Most of all this theorical statistical discussions are far above my head,  and the lack of my old College Staatistical textbooks where are probably outdated anyway,   I decided to take a less focus on these discussions,  and want to contribute by helping make our efforts more usable to the spam fighting community.

My experience in programming,  is more to throw something together to get a "proof of permance" system up and running.   My best talants are to "organize" different "Object" modules so they can be used for the largest range of applications as possible.

Let me throw in some really cool concepts I learned,  which i feel sort of "attached" to.

I had an opportunity to use Symantic's Think Class Liberty,  a collection or wuite of powerful C++ object that define computer functionality analygous to the way "People" work.   Let me give you an example...   Lets say we have a dialog box,  with numerous emdbedded and hierarchical "views".   One can think of the overall dialog as an "organization",   not onlike an "Accounting" department,  or "Development" department.  So,  in effect,  the Dialog would be a "supervisor" to raign over each of the elements inside.  But each of these elements can also be "supervisors" over things inside them.   NOT to be confused with "Inheritance" hierarchy,  there is a "Command" hierarchy.

The rule is simple...  each of the "Subordinate Bureaucrats" as I like to call them (name comes from Think Class Library),  never has to know anything about it's supervisor.   It is the supervisor's responsibility to manage and "inform" the collection of objects under it's "rule" or "control".

A "bureaucrat",  which is derived from "Object" has just two instance variables.   One is a pointer to it's supervisor,  and the other is a pointer to a List or Collection object,   also pointing to other bureaucrats in the organization.

If I subordinate does something,  that other subordinate objects have to "know about",   it sends a "DoCommand" message with an enumerated command number (Known ONLY to the supervisor,   would then delegate control up to the Supervisor,  which would then know what to do,  like notify all the other subordinate objects if appropriate.

I propose that I come up with a list of "Bureaucrats" as I like to call them,  not unlike what might be desired in a "mailroom".   Then define Spam fighting Bureaucrats that can work together on ANY machine,  and allow people to easily put together a host or Object Class Library of not just spam fighting "agents",  but also "mail handling" functions.

I'm making up a list now,  of bureaucrats I would want to see this have.   When I'm done with this list,  I would like to publish it to the group for discussion.

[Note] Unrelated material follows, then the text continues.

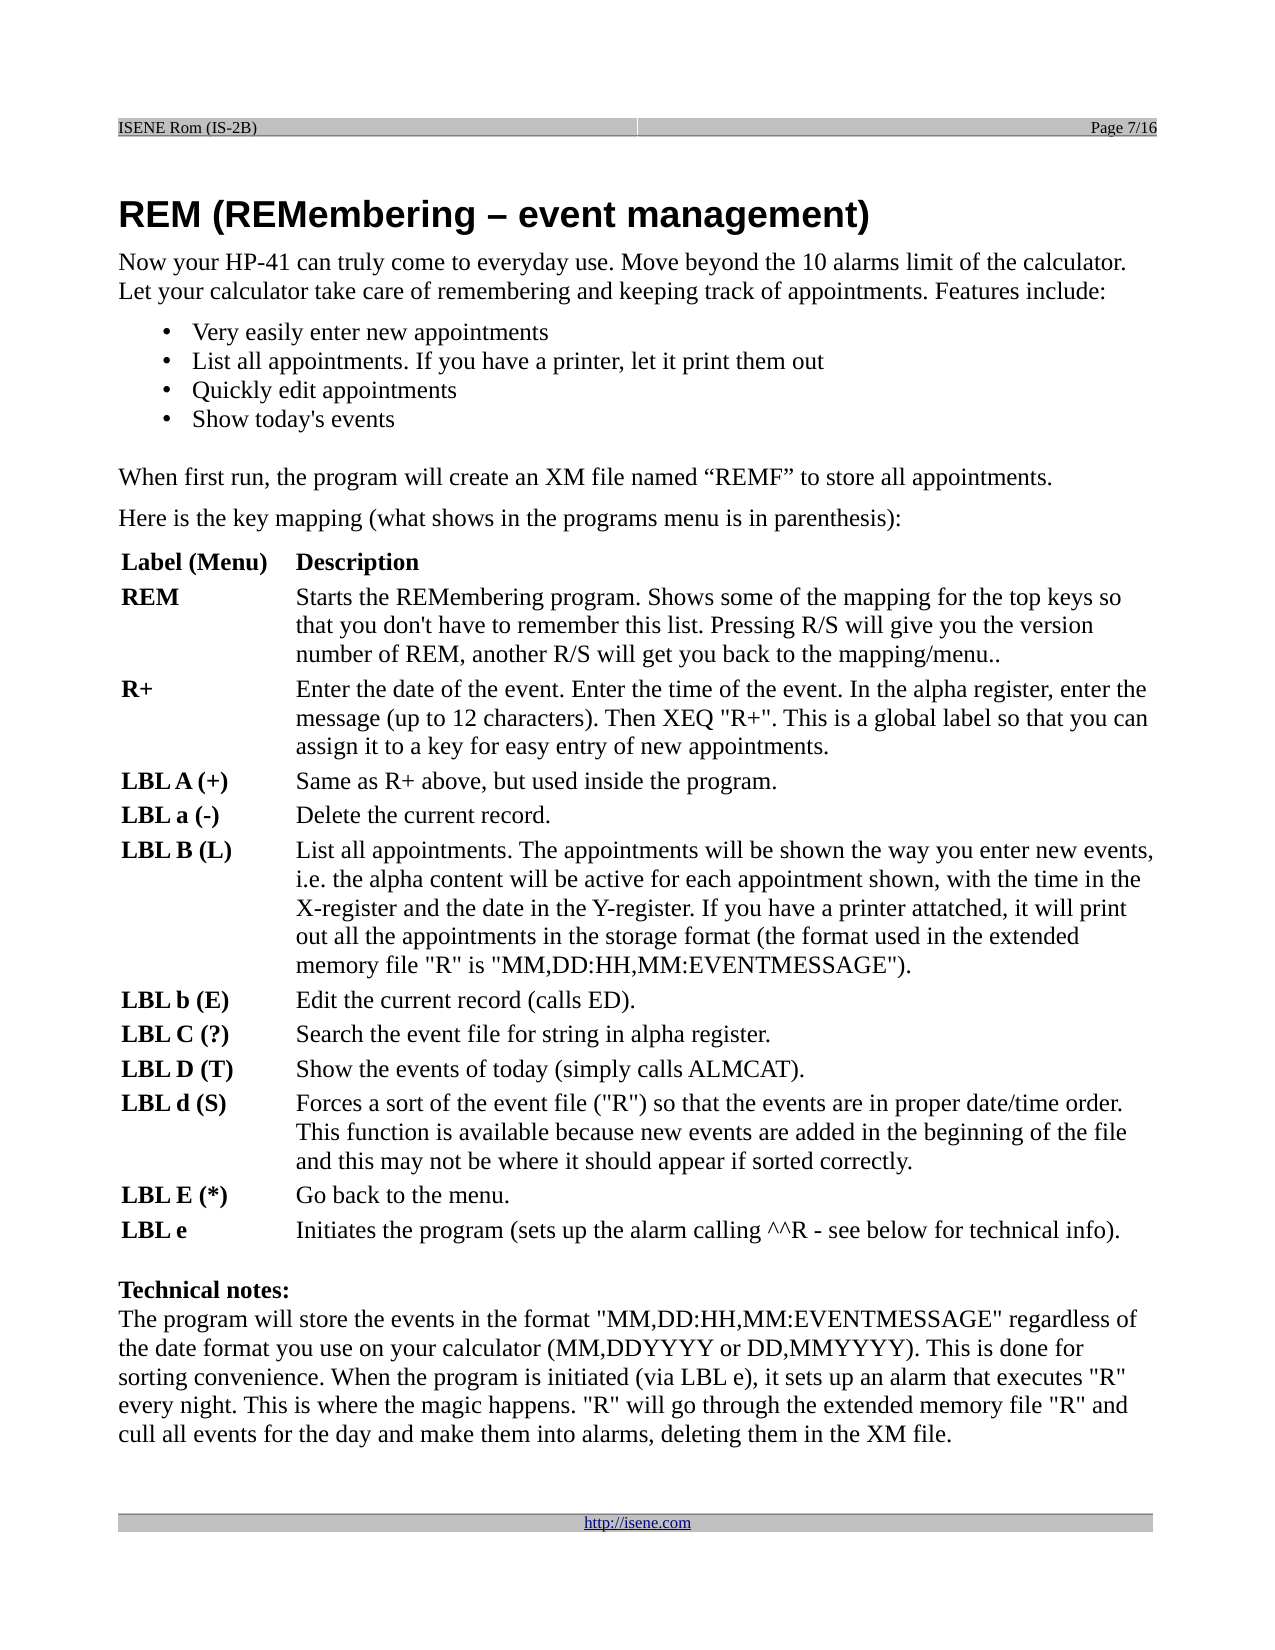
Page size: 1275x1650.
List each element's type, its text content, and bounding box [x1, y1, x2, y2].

In meantime,   start sending me your nominations for "bureaucrats",  and I can start a list of them.   Start with what you've done alreay (in the way of Object classes that can be turned into bureacrats),  define their relationships,  then group them into "agencies" or collections of bureaucrats needed for whatever function appropriate.

I'll throw out some "teasers".   We need a "Configurator" bureaucrat,  that all it does is manage the server or client's "comfiguration".   Some people find configuration files convenient to manage their configurations,  others profer GUI's of local or web based types.   The Configurator would store it's objects in some persistant manner,  plus be able to read in a "configuration" file and setup that way.

I'm betting this is already being done,  but with different names.   So I'm proposing we collect these objects not unlike what a "human" organization would have to be,  to manage someone's mail.   Python already has these...  "Message",  and a few others.   We just make "Message" have an additional parent of a Bureaucrat.

A "Corpus manager" would manage a "corpus" and have all the smarts necessary to do that.

A "Tokenizer" would manage and control all the "Token" objects.

Another one would be Josiah Carlson's "PASP" which would derive from a "POP3" object (of course also deriving from Bureaucrat).

Anyway,  I ask for your comments on this approach to defining the "objects" needed to make all this useful.

John